Казалось бы, налицо социальное явление фундаментального значения. Средства массовой информации и книгоиздание России систематически ведут оболванивание населения! Они действуют как подрывная сила, разрушающая структуры Просвещения и ту мировоззренческую матрицу, на которой была собрана нация России в ХХ в. Произошла деформация одного из важнейших общественных институтов. Как это произошло, какие механизмы произвели такое изменение, каковы тенденции, что можно им противопоставить? Ведь именно это – ранг тех проблем, которые должна была бы поставить на обсуждение Российская Академия наук. Но она отстранена от этой проблемы.

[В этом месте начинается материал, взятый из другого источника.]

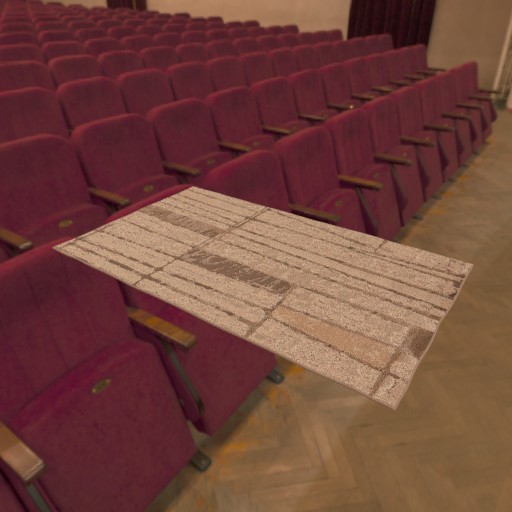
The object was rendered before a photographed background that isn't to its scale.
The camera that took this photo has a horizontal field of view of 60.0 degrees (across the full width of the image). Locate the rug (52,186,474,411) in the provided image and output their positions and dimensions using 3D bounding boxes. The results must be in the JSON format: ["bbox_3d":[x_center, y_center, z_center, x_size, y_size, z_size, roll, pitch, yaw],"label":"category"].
[{"bbox_3d":[0.000,0.000,1.054,0.867,0.007,0.515,19,35,30],"label":"rug"}]

Академик В.Л. Гинзбург на заседании Президиума РАН констатировал: «Издающиеся большими тиражами газеты нередко печатают всякий антинаучный бред. Если же вы напишете в редакцию протест, разоблачите лженаучный характер публикации, то ваше письмо опубликовано не будет, вам даже не ответят».

С.П. Капица поддержал: «То, что сейчас делается на телевидении, нельзя назвать иначе, как преступление перед нашей страной и обществом. Это делается намеренно, расчетливо, очень изощренными методами и талантливыми людьми».

Президиум РАН принял решение: «Рекомендовать для правительственных СМИ практику публикации комментариев, представляемых ведущими специалистами РАН, в случаях появления в этих изданиях статей, противоречащих известным научным фактам».

Значит, научное сообщество России уже и не пытается получить слово в частных СМИ! Оно в лице РАН просит позволить им дать комментарий лишь в правительственных СМИ – вот социальный статус науки в России. Но на деле и эти рекомендации гроша ломаного не стоят и ни к чему не обязывают государственную прессу. Например, главный редактор правительственной «Российской газеты» А. Юрков категорически отказался выполнять рекомендацию РАН, апеллируя к Закону о печати.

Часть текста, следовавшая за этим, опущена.